Sono a Roma da 40 anni e da dodici anni abito con la famiglia in via Mario Fani, una strada segnata da un evento che ha sconvolto e segnato la storia politica italiana, avvenuto il 16 Marzo del 1978, il sequestro di Aldo Moro e l’uccisione della scorta.

Chi abita in questa strada dal tempo dell’attentato sente ancora le raffiche di mitra risuonare nelle orecchie, io che ci sono arrivata dopo, ugualmente capto una sensazione particolarmente suggestiva percepisco angoscia, tristezza, malessere, specie quando passo davanti al monumento ai caduti.

Lì dove è avvenuta la strage è stato costruito un monumento in travertino largo circa tre metri, con tre grandi lastre, nella lastra centrale vi è una stele in bronzo con frattura obliqua, che simboleggia le vite spezzate dall’attacco terroristico, sulle lastre laterali sono incisi i nomi dei caduti.
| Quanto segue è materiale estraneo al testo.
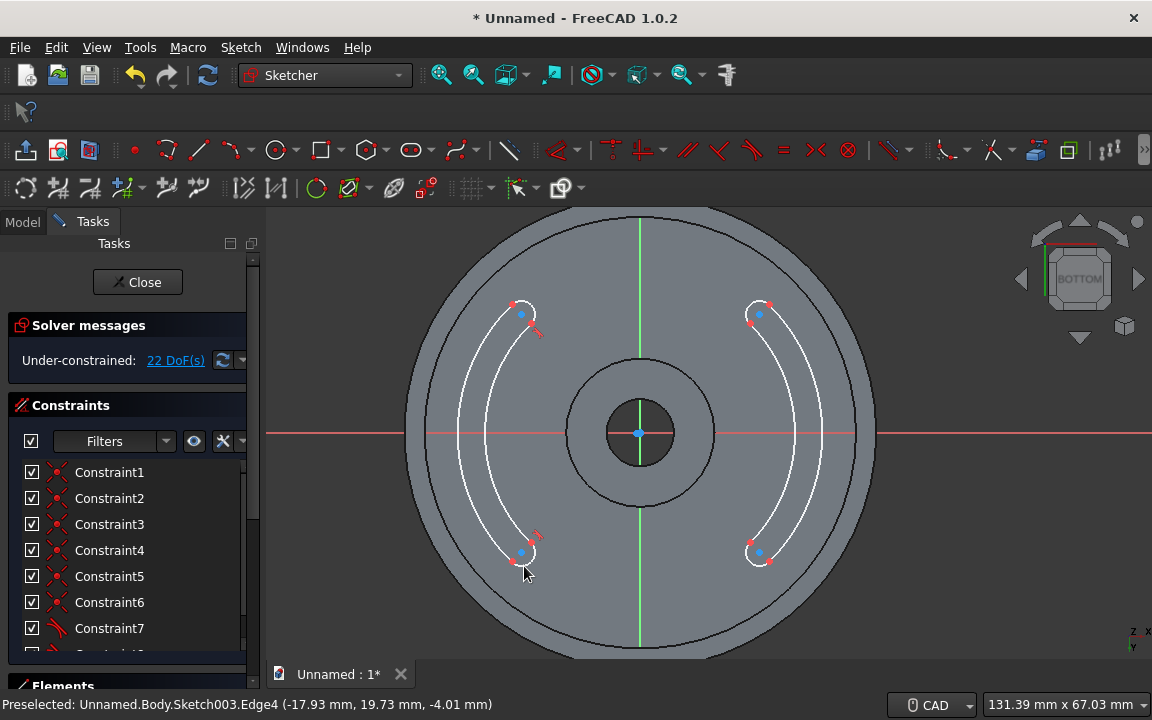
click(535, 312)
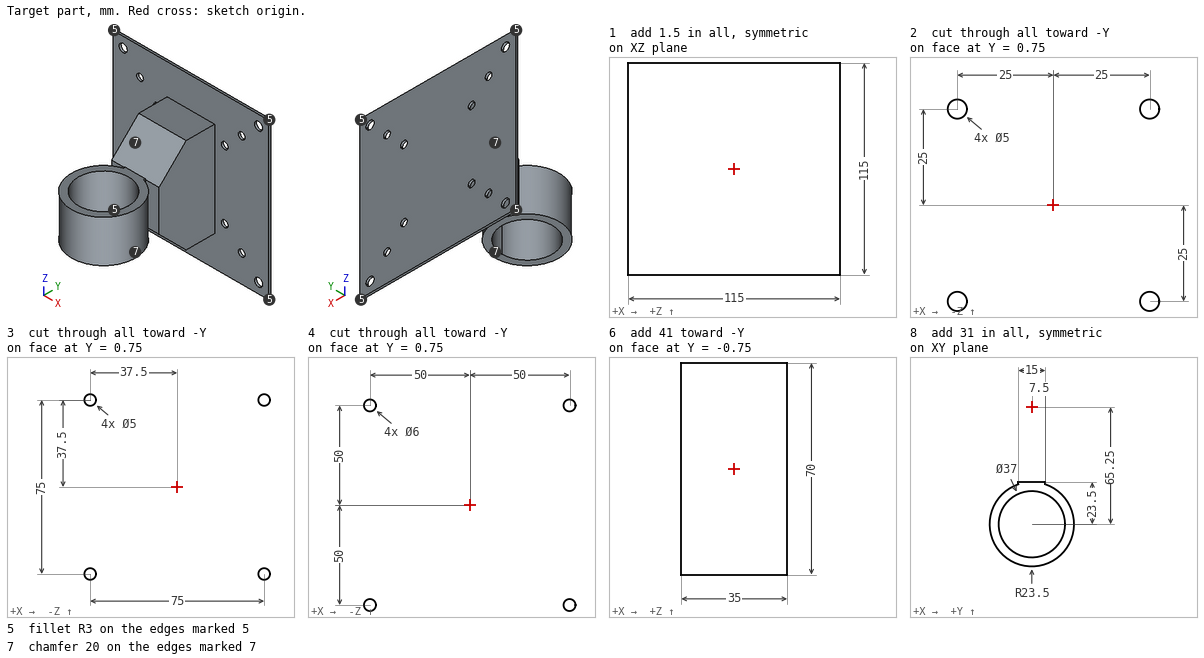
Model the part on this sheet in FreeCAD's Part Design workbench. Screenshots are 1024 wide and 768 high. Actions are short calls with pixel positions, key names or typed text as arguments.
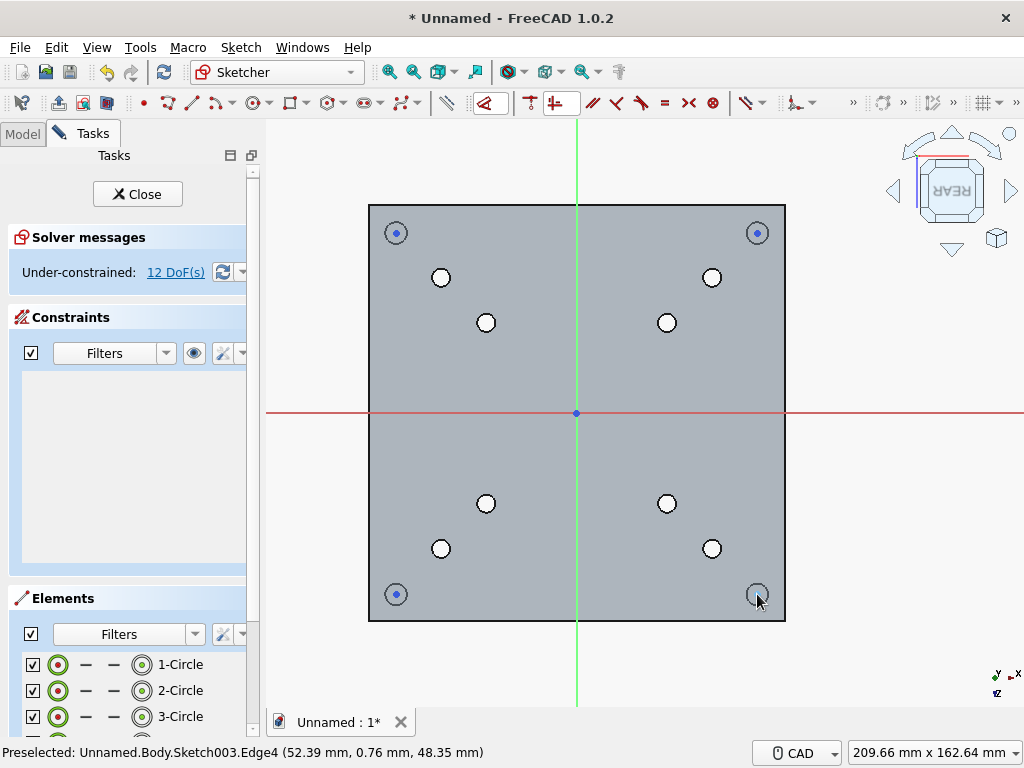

Ogni volta che ricorre la data della strage la strada si blocca per le autorità che vengono ad onorare i caduti con la loro presenza.

Atti vandalici verso il monumento

Per non parlare degli atti vandalici verso il monumento, una scritta fatta con lo spray “A morte le Guardie” e una svastica. Questo fa pensare che anche oggi ci sono elementi che approvano l’eccidio e metterebbero a morte tutti coloro che sono parte delle istituzioni, teste calde che covano odio.
Luca Moro nipote dello statista ucciso ha dichiarato circa le scritte “L’odio può essere affrontato e vinto definitivamente solo con l’amore. Un mondo privo di esempi porta inevitabilmente al Caos”.
La primogenita Maria Fida Moro parlando del figlio Luca dichiara che “Luca da piccolo, riferendosi alla targa commemorativa che fu messa nel punto della strage, si dispiaceva di vedere i fiori calpestati e i barattoli che fungevano da vasi ribaltati. Ma Luca aveva fatto in tempo a recepire l’esempio di bontà di suo nonno. Dal canto mio voglio riportare una massima di un anonimo del 600 che piaceva a papà.: Il male fiorisce dove chi non fa il bene”.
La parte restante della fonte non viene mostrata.